North Carolina’s recent legislative races demonstrate that many campaigns were financed by money that was anything but local. Final campaign finance reports are due at the end of January, but statements filed Oct. 19, about two weeks before the Nov. 5 election, revealed interesting and surprising figures.

Legislative leaders, for example, raised record amounts. Senate President Pro Tem Marc Basnight, D-Dare, collected $1.26 million and 2001-2002 House Speaker Jim Black, D-Mecklenburg, $1.05 million, high marks for both. Senate Minority Leader Patrick Ballantine, R-New Hanover, raised $253,279; and 2001-2002 House Minority Leader Leo Daughtry, R-Johnston, $149,848.

It is safe to say that with the exception of Mecklenburg, the counties of Dare, New Hanover and Johnston are not noted as fountains for campaign cash. These legislative leaders are able to use their influential posts to attract campaign cash.

In fairness to these leaders, it should be noted that they used most of their money to help fellow candidates in districts elsewhere. Newly elected Sen. Joe Sam Queen, D-Haywood, was one such recipient.

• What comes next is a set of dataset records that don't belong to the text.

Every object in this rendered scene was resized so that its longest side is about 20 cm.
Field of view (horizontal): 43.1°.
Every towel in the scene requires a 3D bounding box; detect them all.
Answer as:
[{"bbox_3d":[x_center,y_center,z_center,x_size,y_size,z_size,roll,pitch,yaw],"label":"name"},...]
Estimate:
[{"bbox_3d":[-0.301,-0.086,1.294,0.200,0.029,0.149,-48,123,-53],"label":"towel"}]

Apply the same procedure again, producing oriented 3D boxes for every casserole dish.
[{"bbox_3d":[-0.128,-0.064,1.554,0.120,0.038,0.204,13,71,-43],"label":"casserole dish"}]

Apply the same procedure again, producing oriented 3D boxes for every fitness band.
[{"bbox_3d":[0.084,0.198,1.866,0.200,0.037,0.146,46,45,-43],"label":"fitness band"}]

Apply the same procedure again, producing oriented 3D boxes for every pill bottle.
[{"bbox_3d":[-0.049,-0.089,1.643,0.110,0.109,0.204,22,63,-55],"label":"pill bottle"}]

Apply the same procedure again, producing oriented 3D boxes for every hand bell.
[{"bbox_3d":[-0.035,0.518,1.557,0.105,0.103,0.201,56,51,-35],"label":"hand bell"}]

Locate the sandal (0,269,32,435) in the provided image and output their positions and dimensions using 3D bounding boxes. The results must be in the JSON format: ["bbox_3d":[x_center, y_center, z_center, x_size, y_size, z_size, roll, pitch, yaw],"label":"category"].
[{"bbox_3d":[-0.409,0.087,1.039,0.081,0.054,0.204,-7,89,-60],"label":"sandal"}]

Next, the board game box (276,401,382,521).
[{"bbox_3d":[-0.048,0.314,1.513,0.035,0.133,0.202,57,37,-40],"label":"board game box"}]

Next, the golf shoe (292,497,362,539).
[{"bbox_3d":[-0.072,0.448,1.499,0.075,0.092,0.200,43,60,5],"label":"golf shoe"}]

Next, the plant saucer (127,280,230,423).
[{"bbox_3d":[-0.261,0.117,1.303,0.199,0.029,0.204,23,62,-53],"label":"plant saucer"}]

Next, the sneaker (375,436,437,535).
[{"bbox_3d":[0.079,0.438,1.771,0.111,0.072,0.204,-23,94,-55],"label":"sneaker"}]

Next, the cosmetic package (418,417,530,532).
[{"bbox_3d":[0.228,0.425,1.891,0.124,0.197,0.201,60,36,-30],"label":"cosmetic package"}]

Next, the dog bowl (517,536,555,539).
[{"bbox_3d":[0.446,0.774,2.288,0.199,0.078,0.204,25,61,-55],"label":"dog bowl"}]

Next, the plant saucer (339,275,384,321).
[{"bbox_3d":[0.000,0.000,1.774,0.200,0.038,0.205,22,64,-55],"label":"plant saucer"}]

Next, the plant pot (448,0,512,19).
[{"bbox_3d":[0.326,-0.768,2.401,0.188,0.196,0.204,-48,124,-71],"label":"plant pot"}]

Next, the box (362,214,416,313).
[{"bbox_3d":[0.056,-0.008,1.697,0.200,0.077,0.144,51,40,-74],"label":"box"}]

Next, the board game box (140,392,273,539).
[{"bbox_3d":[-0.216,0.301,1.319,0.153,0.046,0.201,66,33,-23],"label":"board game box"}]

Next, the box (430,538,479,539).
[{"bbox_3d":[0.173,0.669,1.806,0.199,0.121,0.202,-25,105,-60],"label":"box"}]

Queen had collected $309,000 and needed every penny against Republican Gregg Thompson, an incumbent House member who had raised only $21,250 in the same period. That was one of the races that went down to the wire, and Queen’s out-of district friends made the victory possible.

It wasn’t always like this. Former U.S. Sen. Robert Morgan recalls running for the state Senate five times in the 1960s and 70s. The money he spent on these campaigns was, he says, "entirely local"—it came out of his own pocket except for one $10 contribution for gasoline.

Morgan marveled at the amounts spent on legislative campaigns in last year’s election. A list of the largest fundraisers compiled by Democracy North Carolina, a campaign finance watchdog nonprofit in Carrboro, counted 28 Democratic and ten Republican candidates who had either raised or spent more than $100,000.

Democracy North Carolina’s Bob Hall observes, "Increasingly, the money is not coming from the home district. It’s coming from interests based in Raleigh who funnel it through leadership committees."

Rep. David Miner, R-Wake, is one of the most successful fundraisers in his party and is candid about the current finance practices. Miner himself had raised $226,525 by Oct. 19 and he sent checks to fellow Republican candidates such as Rep. David Lewis of Harnett County and Rep. Patrick McHenry of Gaston County. Both won their races.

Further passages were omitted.